→ **WHAT IS EXPECTED**: Bring together all lines from the listing below that contain the string "DASHDOT".

[Opening RECORDS PROVIDED section]

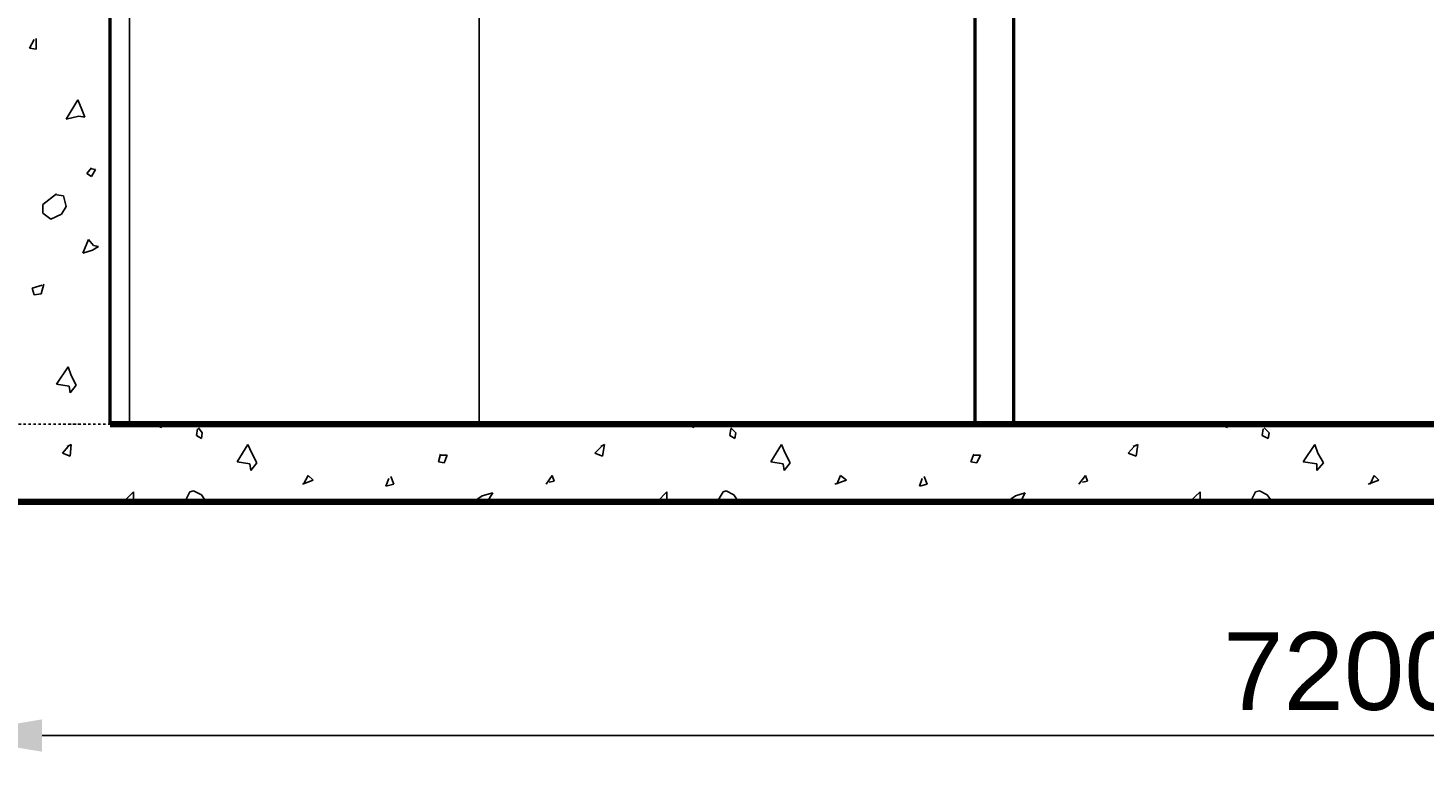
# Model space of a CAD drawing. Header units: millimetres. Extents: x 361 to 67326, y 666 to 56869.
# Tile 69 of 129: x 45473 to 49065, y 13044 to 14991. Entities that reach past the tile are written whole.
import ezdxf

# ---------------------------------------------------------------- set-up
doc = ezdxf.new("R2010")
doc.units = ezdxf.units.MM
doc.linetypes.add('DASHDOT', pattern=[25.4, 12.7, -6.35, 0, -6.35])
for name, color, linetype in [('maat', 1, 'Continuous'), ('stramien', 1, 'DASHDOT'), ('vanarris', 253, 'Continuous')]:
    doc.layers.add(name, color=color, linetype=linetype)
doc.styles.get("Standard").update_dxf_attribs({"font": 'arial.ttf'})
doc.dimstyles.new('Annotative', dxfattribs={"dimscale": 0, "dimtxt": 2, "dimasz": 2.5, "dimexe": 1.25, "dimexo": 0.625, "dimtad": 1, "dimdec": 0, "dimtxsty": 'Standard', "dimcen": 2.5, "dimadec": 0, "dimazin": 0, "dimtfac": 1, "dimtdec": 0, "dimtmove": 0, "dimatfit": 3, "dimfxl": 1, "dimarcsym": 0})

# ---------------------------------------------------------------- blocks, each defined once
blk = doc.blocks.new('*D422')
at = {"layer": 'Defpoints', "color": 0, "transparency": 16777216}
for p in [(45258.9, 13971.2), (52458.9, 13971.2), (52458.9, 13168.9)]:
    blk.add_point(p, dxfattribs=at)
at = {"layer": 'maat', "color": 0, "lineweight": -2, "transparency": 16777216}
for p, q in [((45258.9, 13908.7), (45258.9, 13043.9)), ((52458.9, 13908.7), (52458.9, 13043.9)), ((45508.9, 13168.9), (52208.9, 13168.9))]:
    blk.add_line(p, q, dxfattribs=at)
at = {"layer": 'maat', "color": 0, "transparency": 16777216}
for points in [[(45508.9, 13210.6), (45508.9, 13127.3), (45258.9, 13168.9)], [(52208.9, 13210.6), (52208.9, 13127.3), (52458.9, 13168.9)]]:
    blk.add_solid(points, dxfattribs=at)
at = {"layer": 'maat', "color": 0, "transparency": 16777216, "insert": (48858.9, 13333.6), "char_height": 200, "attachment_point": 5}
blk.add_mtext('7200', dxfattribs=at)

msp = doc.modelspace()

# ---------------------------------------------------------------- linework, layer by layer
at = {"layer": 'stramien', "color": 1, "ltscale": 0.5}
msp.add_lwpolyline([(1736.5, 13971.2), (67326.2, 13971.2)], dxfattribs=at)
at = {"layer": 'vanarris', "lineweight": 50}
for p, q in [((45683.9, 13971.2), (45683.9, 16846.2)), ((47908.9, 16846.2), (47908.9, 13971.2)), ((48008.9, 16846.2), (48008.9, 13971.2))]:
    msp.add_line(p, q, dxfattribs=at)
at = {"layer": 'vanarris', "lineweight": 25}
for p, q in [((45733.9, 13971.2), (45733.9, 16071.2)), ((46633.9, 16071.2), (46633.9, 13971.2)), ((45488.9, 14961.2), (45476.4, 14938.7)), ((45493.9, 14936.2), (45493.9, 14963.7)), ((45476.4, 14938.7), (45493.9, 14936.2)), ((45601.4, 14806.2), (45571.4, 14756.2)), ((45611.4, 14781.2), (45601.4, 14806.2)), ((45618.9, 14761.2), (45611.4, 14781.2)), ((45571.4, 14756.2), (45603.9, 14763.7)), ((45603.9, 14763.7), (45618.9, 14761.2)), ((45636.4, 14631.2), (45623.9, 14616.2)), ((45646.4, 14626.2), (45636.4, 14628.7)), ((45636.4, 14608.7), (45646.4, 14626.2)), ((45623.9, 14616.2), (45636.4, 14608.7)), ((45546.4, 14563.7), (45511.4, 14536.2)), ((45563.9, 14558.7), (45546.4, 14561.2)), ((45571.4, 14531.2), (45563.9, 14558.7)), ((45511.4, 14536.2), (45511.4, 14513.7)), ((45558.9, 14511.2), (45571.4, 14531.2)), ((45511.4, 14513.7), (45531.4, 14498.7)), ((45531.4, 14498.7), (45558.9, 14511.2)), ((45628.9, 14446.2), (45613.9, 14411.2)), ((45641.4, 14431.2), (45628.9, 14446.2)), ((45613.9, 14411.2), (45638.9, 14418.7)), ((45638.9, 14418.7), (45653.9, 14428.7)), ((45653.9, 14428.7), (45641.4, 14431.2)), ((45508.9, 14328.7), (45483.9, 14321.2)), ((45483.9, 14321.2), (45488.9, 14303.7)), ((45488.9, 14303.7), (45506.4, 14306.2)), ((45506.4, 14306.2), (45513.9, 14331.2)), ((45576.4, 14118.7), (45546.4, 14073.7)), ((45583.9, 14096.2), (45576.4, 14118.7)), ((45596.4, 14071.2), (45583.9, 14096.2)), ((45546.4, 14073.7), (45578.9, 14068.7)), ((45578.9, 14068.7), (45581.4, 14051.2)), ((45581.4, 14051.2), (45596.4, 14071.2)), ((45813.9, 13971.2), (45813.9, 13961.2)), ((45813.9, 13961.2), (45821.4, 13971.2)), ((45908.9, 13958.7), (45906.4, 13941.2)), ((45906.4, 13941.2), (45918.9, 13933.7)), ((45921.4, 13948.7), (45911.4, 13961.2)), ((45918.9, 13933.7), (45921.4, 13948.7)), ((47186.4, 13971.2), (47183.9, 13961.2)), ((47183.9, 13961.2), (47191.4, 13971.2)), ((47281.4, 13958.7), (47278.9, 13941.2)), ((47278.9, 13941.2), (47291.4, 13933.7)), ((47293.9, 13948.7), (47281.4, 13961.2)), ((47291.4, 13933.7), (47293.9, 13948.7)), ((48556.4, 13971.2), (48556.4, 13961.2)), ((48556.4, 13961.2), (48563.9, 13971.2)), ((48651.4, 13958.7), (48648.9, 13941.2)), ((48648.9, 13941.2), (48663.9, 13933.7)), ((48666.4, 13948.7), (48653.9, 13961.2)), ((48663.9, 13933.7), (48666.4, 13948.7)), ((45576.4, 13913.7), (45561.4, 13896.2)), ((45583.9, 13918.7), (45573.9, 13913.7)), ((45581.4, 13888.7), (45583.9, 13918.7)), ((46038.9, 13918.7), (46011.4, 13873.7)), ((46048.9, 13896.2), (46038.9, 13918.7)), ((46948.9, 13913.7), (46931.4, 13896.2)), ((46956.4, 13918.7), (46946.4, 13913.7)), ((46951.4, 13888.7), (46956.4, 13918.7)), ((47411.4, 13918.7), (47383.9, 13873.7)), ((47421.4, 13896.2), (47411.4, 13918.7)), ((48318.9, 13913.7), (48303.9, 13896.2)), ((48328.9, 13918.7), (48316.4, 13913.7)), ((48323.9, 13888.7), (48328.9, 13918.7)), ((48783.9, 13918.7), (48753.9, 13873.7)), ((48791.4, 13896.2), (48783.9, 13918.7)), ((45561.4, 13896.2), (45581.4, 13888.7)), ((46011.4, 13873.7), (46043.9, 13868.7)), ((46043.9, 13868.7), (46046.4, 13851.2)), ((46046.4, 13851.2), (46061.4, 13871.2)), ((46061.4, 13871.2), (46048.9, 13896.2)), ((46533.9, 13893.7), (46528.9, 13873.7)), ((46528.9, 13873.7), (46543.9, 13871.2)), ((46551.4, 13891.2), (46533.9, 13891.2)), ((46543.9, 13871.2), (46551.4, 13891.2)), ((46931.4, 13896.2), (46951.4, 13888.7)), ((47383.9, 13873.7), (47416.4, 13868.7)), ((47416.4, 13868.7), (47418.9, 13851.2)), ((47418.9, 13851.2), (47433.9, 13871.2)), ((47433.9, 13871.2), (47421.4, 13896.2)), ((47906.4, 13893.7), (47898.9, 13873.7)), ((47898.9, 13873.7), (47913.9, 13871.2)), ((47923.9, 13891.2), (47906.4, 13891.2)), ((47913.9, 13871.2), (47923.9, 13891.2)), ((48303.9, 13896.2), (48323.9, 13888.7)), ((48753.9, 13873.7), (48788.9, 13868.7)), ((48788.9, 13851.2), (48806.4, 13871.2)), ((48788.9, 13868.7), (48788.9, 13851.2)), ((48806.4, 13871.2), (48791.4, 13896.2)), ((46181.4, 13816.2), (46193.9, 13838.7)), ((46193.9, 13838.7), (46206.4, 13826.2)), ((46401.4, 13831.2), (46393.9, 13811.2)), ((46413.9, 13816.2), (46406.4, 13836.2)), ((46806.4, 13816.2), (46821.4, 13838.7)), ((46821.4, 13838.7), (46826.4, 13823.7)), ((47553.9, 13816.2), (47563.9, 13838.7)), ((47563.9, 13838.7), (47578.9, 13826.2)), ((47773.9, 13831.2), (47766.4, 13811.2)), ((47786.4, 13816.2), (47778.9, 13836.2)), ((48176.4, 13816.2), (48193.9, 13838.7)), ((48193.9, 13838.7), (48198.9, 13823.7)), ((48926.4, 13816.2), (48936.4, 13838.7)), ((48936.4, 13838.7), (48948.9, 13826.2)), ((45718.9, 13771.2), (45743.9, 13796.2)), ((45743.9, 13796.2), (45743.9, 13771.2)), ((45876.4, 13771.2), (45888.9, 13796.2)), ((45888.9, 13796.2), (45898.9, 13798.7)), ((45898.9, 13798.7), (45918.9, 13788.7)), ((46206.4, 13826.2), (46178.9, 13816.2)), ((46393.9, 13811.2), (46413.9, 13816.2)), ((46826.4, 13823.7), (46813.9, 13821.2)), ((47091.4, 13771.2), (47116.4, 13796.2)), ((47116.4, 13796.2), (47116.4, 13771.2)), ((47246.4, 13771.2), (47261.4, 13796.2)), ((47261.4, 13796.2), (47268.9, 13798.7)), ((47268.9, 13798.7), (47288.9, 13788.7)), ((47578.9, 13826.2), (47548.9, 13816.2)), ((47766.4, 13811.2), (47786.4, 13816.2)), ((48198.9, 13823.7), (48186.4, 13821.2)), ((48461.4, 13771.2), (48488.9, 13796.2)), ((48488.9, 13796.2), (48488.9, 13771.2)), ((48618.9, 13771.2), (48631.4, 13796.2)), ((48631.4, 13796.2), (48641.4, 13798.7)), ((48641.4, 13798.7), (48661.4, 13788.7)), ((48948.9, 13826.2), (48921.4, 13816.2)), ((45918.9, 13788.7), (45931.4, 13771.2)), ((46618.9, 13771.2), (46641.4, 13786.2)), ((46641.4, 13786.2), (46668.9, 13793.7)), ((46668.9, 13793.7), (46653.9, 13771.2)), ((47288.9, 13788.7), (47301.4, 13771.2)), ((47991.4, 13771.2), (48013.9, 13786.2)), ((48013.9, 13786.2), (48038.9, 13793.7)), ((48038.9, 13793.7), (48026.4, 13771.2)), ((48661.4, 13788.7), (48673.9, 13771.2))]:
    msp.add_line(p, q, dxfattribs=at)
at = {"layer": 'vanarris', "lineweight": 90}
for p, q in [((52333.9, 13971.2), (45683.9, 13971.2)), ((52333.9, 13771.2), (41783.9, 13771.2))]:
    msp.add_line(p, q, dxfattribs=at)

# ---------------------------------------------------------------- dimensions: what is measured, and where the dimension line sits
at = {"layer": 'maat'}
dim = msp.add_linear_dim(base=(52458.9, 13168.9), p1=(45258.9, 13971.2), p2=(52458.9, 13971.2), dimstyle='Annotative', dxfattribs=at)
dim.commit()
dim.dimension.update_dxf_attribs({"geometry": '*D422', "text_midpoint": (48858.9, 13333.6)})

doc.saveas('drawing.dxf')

[Closing RECORDS PROVIDED section]

→ **ANSWER TO THIS PROBLEM**:
doc.linetypes.add('DASHDOT', pattern=[25.4, 12.7, -6.35, 0, -6.35])
for name, color, linetype in [('maat', 1, 'Continuous'), ('stramien', 1, 'DASHDOT'), ('vanarris', 253, 'Continuous')]:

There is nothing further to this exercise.